## What the task requires
From the data below, copy each line that includes the word "boxes".

++++++++++

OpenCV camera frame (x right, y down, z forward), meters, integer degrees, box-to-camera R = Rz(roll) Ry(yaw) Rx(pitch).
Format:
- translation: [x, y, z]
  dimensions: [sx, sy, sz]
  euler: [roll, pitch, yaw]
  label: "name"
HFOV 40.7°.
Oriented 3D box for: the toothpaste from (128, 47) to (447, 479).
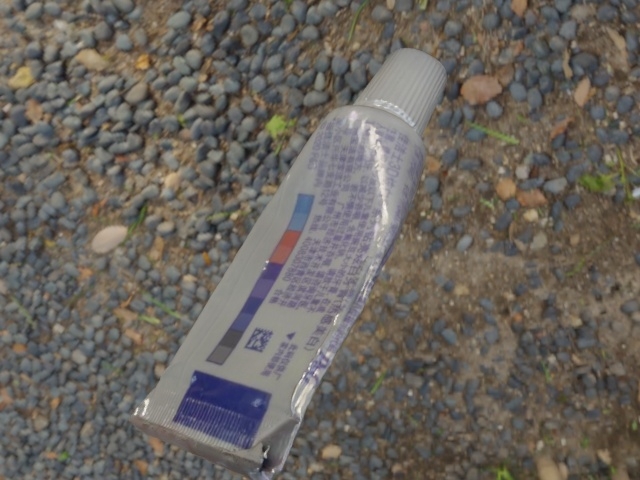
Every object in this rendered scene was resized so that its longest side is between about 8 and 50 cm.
- translation: [0.001, 0.000, 0.501]
  dimensions: [0.068, 0.283, 0.099]
  euler: [35, 156, -14]
  label: "toothpaste"
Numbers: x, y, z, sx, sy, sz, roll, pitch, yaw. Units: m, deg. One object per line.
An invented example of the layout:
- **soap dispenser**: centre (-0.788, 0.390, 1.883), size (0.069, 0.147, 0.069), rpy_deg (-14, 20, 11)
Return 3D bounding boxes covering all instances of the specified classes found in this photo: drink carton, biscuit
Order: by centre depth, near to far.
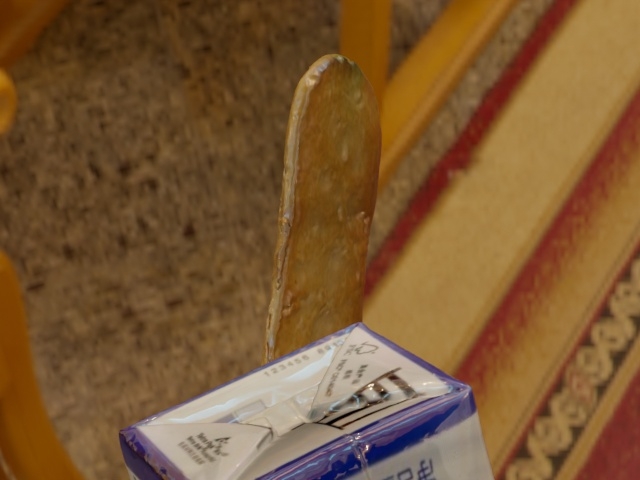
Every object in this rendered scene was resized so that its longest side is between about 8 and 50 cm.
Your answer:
- **drink carton**: centre (0.027, 0.208, 0.832), size (0.130, 0.315, 0.106), rpy_deg (-22, 21, -19)
- **biscuit**: centre (0.000, 0.000, 1.262), size (0.029, 0.118, 0.247), rpy_deg (4, 84, 31)
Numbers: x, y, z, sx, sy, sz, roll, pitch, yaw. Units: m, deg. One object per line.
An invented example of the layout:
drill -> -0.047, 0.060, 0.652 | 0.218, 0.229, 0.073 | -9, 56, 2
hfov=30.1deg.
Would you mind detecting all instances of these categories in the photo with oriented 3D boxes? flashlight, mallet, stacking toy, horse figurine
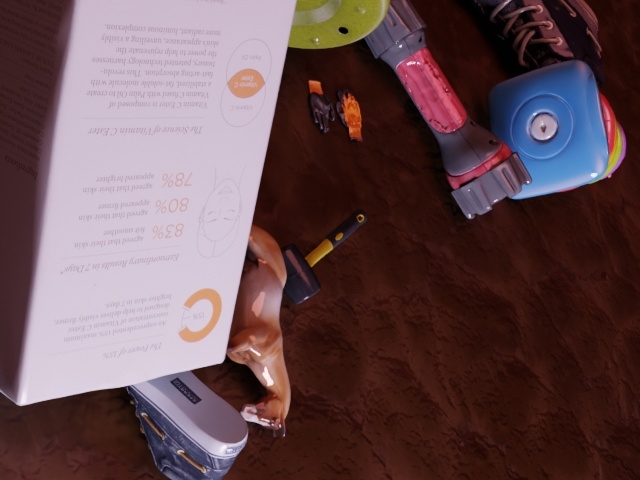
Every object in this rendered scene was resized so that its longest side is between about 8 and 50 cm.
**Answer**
flashlight -> 0.156, -0.179, 1.550 | 0.103, 0.103, 0.304 | -36, 95, -46
mallet -> 0.000, 0.000, 1.346 | 0.062, 0.039, 0.190 | 53, 38, -12
stacking toy -> 0.381, -0.139, 1.733 | 0.302, 0.165, 0.175 | 11, 68, -57
horse figurine -> -0.087, 0.050, 1.200 | 0.174, 0.066, 0.263 | 30, 44, -43

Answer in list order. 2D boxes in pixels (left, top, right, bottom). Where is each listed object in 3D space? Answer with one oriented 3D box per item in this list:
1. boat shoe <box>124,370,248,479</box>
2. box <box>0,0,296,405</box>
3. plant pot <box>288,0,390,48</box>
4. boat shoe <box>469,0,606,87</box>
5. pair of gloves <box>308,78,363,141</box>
boat shoe -> -0.149, 0.153, 1.094 | 0.183, 0.083, 0.065 | 42, 36, 22
box -> -0.177, -0.069, 0.970 | 0.215, 0.168, 0.345 | -7, 116, -46
plant pot -> -0.006, -0.429, 1.389 | 0.366, 0.366, 0.353 | 28, 62, -30
boat shoe -> 0.307, -0.336, 1.762 | 0.340, 0.127, 0.158 | 26, 44, -33
pair of gloves -> 0.019, -0.162, 1.473 | 0.083, 0.010, 0.074 | 9, 62, -40
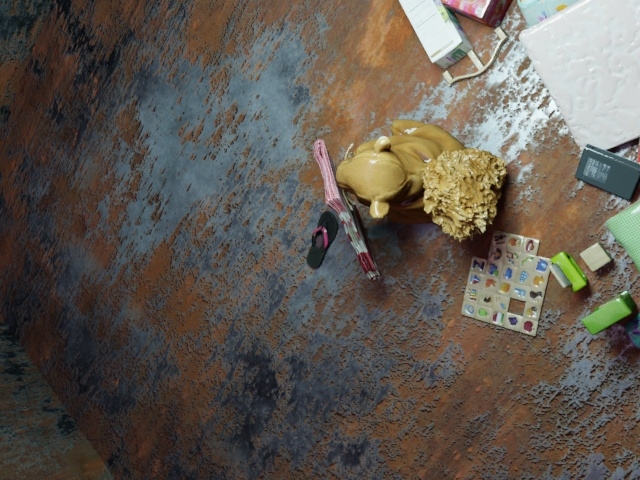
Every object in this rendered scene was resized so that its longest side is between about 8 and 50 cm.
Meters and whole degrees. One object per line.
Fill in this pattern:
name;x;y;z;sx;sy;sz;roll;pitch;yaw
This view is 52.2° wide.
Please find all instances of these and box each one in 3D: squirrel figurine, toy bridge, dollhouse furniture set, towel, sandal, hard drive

++++++++++

## Exercise result
Return 3D bounding boxes covering all instances of the specified classes found in this photo: drink carton, biscuit
Would you mind detecting all instances of these categories in the photo with oriented 3D boxes? flashlight, mallet, stacking toy, horse figurine
Answer in list order. 2D boxes in pixels (left, top, right, bottom). Where is each listed object in 3D space? Answer with one oriented 3D box per item in this list:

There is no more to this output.